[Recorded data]
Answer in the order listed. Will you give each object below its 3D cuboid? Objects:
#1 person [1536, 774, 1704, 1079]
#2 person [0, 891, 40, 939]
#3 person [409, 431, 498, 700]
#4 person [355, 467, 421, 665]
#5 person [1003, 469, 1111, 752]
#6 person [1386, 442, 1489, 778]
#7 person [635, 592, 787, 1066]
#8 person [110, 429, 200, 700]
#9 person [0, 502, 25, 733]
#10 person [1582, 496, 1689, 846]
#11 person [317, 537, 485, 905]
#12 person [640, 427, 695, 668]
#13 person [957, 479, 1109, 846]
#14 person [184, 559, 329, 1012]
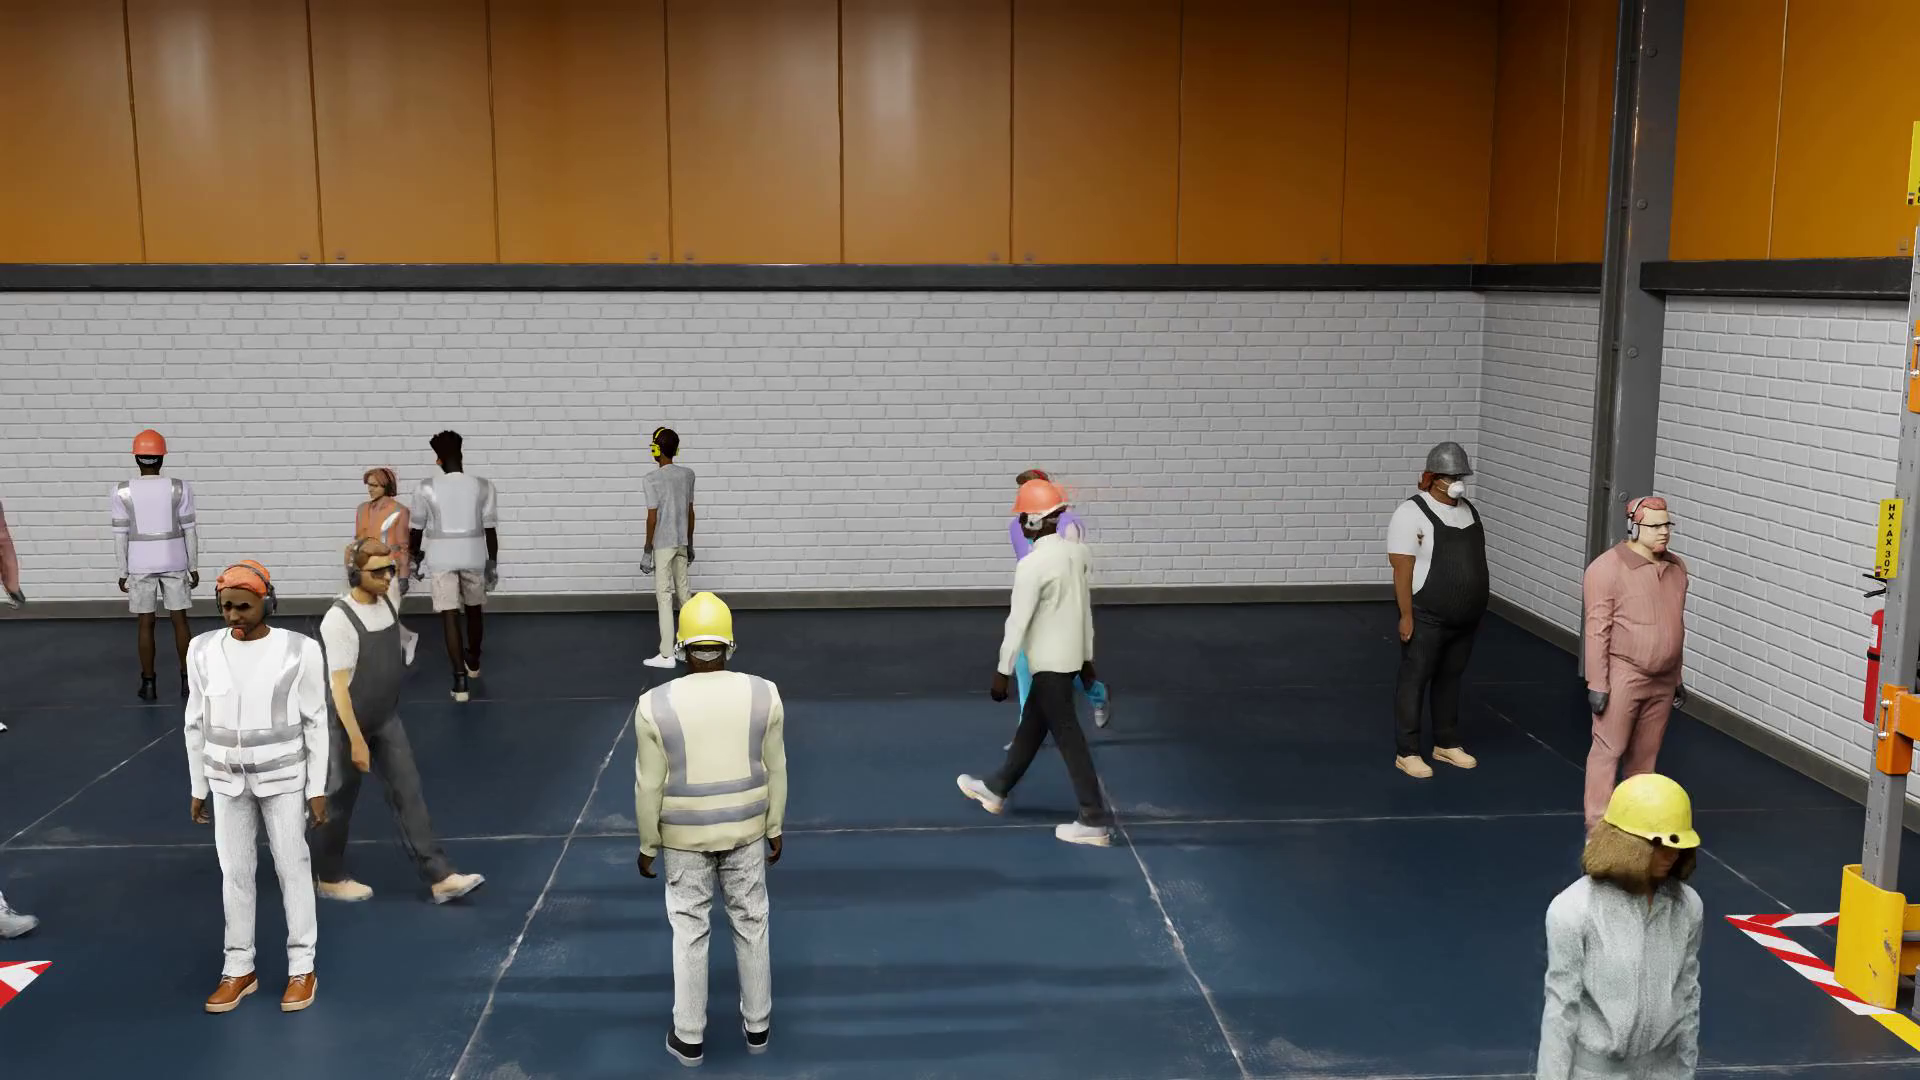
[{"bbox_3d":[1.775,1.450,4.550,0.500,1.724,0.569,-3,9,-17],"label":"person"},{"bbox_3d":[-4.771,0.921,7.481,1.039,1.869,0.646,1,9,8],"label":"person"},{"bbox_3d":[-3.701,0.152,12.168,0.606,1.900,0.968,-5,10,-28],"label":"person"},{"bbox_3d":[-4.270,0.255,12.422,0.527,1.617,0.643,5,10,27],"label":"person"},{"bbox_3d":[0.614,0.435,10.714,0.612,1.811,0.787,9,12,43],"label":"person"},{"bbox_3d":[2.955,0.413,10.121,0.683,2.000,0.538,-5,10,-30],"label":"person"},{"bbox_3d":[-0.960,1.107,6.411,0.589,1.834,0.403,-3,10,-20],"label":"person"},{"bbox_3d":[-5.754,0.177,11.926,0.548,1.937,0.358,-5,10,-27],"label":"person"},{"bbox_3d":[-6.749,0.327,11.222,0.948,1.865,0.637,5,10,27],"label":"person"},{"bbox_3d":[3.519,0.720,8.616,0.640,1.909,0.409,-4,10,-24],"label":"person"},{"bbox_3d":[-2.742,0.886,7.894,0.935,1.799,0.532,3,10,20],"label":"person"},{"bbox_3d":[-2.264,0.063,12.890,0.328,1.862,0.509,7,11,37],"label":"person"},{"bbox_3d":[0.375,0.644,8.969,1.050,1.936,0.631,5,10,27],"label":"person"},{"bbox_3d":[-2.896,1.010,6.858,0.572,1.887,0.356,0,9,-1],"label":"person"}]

--

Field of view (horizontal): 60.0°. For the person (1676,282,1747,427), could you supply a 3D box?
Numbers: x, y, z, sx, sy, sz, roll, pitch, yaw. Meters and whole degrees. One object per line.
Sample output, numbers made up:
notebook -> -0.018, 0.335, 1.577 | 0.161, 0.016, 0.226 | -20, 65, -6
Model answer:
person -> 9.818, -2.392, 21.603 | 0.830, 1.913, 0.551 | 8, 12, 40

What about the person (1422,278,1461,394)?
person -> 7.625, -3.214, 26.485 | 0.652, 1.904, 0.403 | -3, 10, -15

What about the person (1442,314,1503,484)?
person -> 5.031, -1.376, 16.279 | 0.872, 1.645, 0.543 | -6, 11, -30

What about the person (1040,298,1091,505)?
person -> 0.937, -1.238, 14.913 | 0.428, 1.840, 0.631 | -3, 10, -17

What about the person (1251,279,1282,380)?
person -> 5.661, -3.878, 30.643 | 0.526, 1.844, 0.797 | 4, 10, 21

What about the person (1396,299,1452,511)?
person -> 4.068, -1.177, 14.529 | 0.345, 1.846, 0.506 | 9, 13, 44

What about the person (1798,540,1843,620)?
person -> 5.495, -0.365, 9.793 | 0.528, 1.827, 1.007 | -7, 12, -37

◆ **Problem statement**:
Using the entries above, return each line in which the word "object" occurs.

◆ **Solution for this problem**:
Answer in the order listed. Will you give each object below its 3D cuboid? Objects:
Numbers: x, y, z, sx, sy, sz, roll, pitch, yaw. Meters and whole degrees. One object per line.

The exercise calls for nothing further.